Industry media outlet BlockTV discussed the lawsuit in a report on Aug. 9. According to the report, the complaint is being filed as a class action suit, and the investor ultimately plans to sue other Israeli banks on the same grounds. 

According to the report, Israeli banks are largely anti-crypto because they wish to avoid being scrutinized in connection with crypto-related firms and individuals. However, the disgruntled investor’s lawyer, Lior Lahav, has said that this is not sufficient grounds for banks to refuse services to cryptocurrency investors. Lahav stated:

“The banks have an obligation under the law to accept money from the clients […] They can check on their clients, do their due diligence, and find out where the money is coming from. The problem with the banks is that they are doing nothing. They are not asking their clients: ‘Provide me documentation of the origin of the money.’”
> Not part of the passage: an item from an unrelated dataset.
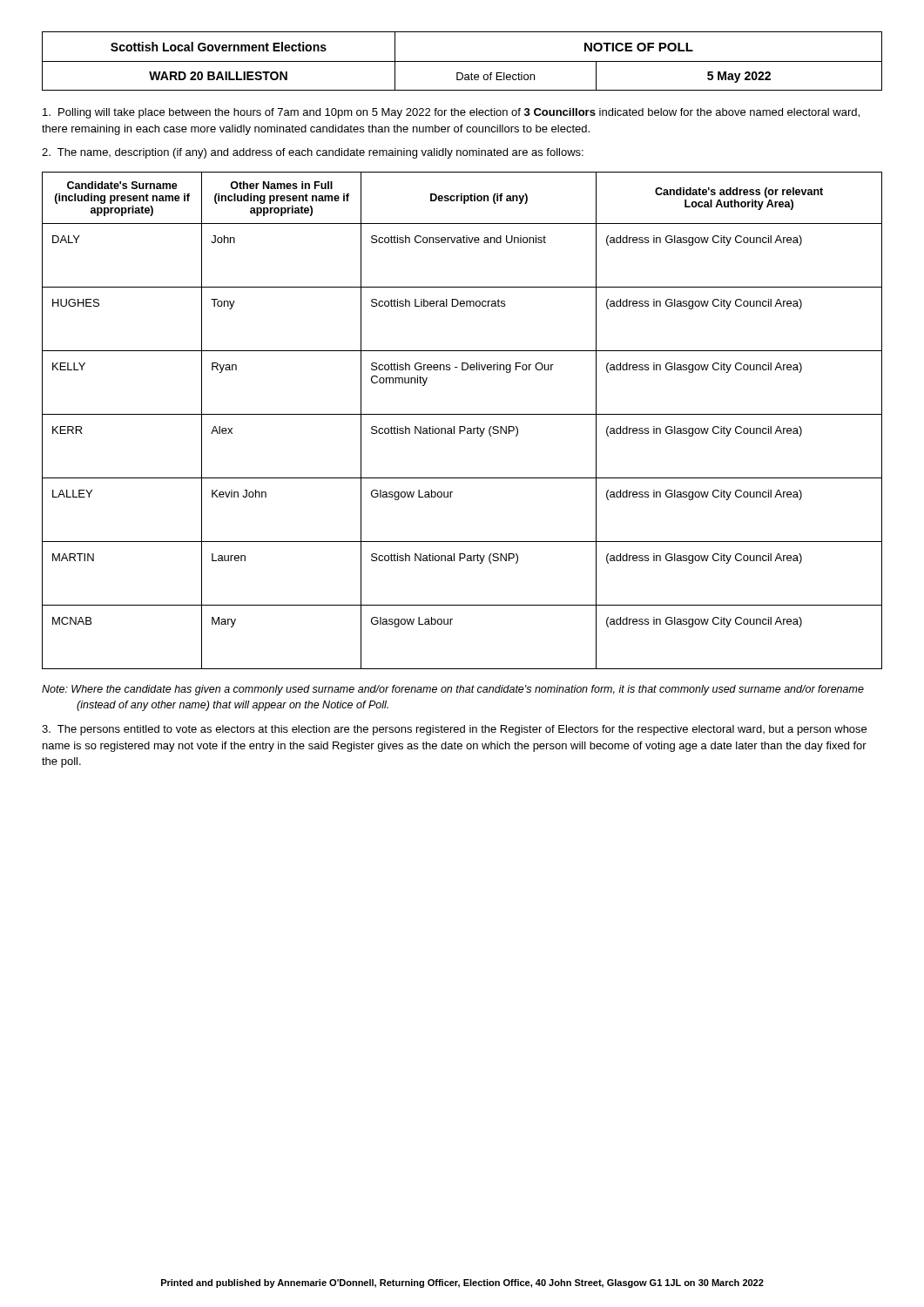The width and height of the screenshot is (924, 1307).
Task: Point to the block beginning "3. The persons entitled"
Action: pos(455,745)

Lahav further illustrated the scale of the issue, arguing that there are tens of thousands of Israeli investors who are similarly being punished for no apparent wrongdoing:

“There are more than 70,000 bitcoin investors in Israel who are facing the same problem from their banks […] 99 percent of them are ordinary people that invested in a thing that’s completely legal.”

Ross Gross

Lahav pointedly noted that his client is not Ross Gross. Gross is a Bitcoin investor who claimed that the bank Hapoalim refused to accept his deposit, purportedly because it came from crypto trading profits.

As previously reported by Cointelegraph, Gross began investing in Bitcoin back in 2011, and has reported his earnings to the Israeli tax authority. However, as of 2017, Bank Hapoalim stopped accepting his deposits of funds earned from Bitcoin trading. 

As a result, Gross has not been able to pay his capital gains taxes and the tax authority has put a lien on his bank account, home and scooters. Gross said, “the tax authority is aware of the problem, but they say the ball isn’t in their court.”